Spokesman of the Islamic State
- In office 10 March 2022 – April 2023
- Preceded by: Abu Hamza Al-Qurashi
- Succeeded by: Abu Hudhayfah Al-Ansari

Military service
- Allegiance: Islamic State

= Abu Omar al-Muhajir =

Spokesman for Islamic State from 2022 to 2023

Abu Omar al-Muhajir served as the fourth spokesman for the Salafi jihadist group Islamic State (IS), from 10 March 2022 until his capture in April 2023 by the Hay'at Tahrir al-Sham (HTS).
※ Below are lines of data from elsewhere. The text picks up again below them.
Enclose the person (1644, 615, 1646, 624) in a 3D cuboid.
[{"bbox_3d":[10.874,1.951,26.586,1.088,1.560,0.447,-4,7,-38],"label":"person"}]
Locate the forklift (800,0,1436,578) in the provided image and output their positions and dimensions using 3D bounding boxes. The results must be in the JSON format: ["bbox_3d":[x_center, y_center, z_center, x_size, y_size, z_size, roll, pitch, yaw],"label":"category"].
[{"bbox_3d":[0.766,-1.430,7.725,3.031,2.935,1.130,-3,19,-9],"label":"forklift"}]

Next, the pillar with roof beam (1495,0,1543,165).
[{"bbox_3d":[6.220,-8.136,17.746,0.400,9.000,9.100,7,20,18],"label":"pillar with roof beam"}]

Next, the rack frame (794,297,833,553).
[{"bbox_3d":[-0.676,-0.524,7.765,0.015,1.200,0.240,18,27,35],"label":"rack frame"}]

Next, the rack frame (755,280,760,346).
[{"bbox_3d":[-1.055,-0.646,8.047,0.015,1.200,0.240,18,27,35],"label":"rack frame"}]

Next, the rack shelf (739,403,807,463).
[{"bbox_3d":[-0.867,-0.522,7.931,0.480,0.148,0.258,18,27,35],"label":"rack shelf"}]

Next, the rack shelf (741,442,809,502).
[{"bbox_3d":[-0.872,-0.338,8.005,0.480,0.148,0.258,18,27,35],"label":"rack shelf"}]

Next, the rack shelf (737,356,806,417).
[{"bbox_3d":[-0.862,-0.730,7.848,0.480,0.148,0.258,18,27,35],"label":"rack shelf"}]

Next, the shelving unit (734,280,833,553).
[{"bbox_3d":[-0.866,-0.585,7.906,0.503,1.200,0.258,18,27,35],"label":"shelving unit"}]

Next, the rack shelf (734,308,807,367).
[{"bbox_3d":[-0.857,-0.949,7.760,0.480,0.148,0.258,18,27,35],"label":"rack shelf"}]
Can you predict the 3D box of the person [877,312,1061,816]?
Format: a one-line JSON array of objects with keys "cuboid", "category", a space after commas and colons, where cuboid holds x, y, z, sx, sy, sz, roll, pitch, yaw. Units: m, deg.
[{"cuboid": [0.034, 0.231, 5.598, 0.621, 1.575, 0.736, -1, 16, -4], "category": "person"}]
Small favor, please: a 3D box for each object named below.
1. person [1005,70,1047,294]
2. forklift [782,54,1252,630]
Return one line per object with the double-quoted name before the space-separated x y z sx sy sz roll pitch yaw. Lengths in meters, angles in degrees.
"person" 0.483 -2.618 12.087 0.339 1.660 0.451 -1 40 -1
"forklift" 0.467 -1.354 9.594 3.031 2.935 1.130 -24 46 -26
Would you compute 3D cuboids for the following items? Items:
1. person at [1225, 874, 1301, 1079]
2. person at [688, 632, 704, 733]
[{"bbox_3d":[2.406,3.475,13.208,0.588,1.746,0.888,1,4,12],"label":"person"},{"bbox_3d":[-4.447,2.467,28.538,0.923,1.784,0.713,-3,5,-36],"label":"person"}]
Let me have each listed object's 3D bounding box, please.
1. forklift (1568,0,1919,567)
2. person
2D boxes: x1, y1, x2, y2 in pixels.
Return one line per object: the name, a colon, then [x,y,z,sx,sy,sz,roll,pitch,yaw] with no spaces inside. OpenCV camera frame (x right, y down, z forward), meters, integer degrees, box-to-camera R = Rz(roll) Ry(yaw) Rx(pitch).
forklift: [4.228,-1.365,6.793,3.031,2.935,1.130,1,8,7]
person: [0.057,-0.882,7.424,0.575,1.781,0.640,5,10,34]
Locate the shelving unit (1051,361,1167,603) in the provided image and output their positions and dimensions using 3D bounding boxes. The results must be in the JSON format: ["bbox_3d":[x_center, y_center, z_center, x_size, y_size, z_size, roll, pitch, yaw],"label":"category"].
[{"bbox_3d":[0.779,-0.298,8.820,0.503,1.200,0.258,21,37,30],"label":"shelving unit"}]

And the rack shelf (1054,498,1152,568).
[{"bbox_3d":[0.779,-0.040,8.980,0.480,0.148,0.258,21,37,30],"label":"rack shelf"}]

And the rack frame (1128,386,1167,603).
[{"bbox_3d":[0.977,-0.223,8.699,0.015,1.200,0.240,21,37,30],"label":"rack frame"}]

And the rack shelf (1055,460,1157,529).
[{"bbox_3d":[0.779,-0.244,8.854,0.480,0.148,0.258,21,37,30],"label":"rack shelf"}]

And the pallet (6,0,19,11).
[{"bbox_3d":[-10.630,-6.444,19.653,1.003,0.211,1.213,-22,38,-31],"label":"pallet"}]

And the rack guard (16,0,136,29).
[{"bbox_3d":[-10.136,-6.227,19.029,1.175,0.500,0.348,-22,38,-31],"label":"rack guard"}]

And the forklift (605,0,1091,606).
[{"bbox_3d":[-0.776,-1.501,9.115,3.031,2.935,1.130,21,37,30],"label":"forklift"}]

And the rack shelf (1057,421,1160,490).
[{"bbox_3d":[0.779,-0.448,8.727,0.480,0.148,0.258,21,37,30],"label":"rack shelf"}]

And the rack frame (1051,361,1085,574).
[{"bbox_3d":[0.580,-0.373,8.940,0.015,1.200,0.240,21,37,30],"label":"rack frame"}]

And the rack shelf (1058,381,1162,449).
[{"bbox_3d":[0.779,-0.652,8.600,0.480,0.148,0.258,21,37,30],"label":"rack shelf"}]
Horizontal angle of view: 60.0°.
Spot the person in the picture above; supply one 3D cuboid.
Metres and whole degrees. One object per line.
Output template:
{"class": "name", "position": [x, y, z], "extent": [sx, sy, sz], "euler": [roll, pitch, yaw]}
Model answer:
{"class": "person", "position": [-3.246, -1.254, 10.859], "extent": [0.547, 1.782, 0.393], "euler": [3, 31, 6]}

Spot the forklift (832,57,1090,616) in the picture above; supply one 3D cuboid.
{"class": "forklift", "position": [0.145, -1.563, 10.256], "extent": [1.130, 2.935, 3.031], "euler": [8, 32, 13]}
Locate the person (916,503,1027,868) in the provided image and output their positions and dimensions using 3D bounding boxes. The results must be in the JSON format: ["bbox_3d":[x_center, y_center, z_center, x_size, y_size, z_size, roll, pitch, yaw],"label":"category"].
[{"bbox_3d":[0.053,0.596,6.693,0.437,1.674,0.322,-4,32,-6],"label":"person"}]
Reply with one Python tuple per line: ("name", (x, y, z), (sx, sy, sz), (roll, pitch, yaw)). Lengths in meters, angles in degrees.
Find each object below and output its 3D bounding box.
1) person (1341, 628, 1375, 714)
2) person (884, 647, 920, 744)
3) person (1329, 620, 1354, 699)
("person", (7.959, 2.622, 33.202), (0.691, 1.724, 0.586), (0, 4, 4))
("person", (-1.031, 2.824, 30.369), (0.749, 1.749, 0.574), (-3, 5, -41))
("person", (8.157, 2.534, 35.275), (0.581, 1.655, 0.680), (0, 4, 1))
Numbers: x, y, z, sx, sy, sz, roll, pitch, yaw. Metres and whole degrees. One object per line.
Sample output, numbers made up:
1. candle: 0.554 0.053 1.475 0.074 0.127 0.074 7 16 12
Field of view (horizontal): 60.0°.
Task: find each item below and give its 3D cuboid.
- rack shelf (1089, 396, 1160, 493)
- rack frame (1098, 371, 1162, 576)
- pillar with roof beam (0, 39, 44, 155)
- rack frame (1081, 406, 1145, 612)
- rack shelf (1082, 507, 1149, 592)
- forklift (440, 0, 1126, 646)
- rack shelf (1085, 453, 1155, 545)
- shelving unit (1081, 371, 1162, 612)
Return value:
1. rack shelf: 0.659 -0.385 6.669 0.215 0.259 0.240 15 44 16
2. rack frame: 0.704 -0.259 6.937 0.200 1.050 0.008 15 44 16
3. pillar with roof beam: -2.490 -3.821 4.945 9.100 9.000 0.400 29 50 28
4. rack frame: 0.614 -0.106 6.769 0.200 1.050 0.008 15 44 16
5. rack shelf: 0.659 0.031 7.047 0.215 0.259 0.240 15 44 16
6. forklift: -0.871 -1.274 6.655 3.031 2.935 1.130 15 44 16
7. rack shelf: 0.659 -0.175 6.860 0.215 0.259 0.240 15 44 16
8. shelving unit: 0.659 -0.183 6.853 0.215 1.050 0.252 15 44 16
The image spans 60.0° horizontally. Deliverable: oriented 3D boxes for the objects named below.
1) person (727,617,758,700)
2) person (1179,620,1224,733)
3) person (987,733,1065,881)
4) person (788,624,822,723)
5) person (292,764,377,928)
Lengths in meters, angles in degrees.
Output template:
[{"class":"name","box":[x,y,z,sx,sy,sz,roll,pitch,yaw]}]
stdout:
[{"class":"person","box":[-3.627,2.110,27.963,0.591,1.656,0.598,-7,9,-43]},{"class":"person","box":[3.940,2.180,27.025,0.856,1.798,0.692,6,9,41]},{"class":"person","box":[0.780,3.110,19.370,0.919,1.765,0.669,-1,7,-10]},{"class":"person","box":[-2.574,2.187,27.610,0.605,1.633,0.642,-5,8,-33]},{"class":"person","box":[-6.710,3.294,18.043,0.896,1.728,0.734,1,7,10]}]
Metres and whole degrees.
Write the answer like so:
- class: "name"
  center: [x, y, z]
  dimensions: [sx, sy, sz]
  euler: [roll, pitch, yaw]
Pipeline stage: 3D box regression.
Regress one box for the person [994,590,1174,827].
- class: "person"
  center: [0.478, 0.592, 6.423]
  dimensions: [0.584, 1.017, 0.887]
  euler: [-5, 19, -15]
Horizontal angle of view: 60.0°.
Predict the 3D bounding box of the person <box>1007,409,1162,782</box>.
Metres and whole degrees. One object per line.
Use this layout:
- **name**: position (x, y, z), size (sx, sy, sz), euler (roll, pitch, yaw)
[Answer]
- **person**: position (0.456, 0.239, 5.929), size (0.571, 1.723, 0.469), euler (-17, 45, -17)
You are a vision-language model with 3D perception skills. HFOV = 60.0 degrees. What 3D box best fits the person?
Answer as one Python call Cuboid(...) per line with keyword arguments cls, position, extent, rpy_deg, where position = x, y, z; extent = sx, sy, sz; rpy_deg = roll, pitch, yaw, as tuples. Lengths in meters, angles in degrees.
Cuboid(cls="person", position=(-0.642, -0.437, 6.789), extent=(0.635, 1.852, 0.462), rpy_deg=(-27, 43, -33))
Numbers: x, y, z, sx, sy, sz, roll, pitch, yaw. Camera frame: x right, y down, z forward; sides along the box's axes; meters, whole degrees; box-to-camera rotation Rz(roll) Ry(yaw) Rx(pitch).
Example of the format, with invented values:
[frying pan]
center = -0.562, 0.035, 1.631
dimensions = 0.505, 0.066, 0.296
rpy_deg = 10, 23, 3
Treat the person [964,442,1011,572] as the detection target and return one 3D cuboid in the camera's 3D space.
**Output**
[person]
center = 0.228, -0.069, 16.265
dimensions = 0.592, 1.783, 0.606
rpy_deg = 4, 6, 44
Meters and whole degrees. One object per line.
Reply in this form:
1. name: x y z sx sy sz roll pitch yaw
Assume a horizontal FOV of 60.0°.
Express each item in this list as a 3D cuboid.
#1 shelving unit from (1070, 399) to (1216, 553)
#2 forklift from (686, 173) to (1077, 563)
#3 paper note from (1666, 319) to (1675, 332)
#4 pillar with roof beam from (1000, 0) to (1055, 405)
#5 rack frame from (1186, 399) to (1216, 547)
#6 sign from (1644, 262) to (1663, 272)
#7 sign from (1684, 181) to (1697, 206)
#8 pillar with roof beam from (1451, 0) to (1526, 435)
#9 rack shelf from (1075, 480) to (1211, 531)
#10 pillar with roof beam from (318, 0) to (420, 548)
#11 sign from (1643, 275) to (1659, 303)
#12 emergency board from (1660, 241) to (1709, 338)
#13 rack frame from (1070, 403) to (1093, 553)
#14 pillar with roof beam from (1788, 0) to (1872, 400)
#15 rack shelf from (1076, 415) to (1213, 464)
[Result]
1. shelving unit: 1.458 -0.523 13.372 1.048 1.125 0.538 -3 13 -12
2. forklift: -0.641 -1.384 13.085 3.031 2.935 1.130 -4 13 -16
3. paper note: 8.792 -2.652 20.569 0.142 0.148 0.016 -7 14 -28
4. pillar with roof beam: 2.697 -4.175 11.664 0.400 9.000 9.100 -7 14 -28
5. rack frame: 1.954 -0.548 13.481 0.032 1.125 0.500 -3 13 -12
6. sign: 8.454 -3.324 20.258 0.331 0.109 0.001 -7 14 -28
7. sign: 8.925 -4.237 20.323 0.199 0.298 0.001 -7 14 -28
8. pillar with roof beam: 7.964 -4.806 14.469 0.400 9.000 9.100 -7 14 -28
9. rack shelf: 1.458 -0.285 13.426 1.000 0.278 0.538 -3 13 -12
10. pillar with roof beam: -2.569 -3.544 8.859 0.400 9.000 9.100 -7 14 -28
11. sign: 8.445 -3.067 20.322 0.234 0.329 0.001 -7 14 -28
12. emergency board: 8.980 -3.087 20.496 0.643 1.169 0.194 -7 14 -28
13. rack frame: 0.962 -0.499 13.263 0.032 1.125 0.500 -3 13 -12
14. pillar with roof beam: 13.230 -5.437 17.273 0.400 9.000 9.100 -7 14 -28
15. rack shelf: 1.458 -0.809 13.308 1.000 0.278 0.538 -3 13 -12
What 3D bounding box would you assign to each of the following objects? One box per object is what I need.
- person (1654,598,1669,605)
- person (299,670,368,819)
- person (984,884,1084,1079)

He succeeded Abu Hamza Al-Qurashi in March 2022, and was replaced by Abu Hudhayfah Al-Ansari in August 2023.

==History==
Abu Omar al-Muhajir was announced as spokesman in a speech of Al-Furqan Foundation in March 2022, and he made four audio speeches in his tenure as spokesman for the Islamic State.

His speeches included:
- “Some Have Fulfilled Their Obligations [by Martyrdom]” - 10 March 2022
- “Fight Them, and God Will Punish Them At Your Hands” - 17 April 2022
- “And Hold Fast, All of You, to the Rope of God and Be Not Divided” 15 September 2022
- “So they kill and are killed” 30 November 2022

== Identity ==
Little is known about Abu Omar al-Muhajir. It was speculated by Yemeni journalist Mohammed Faisal on Twitter that he is Juma'a Al-Badri, a brother of Abu Bakr al-Baghdadi, but this was never confirmed. Many analysts believed his accent to be Iraqi after analyzing his speeches. HTS did not present him before media after his capture nor comment on his capture.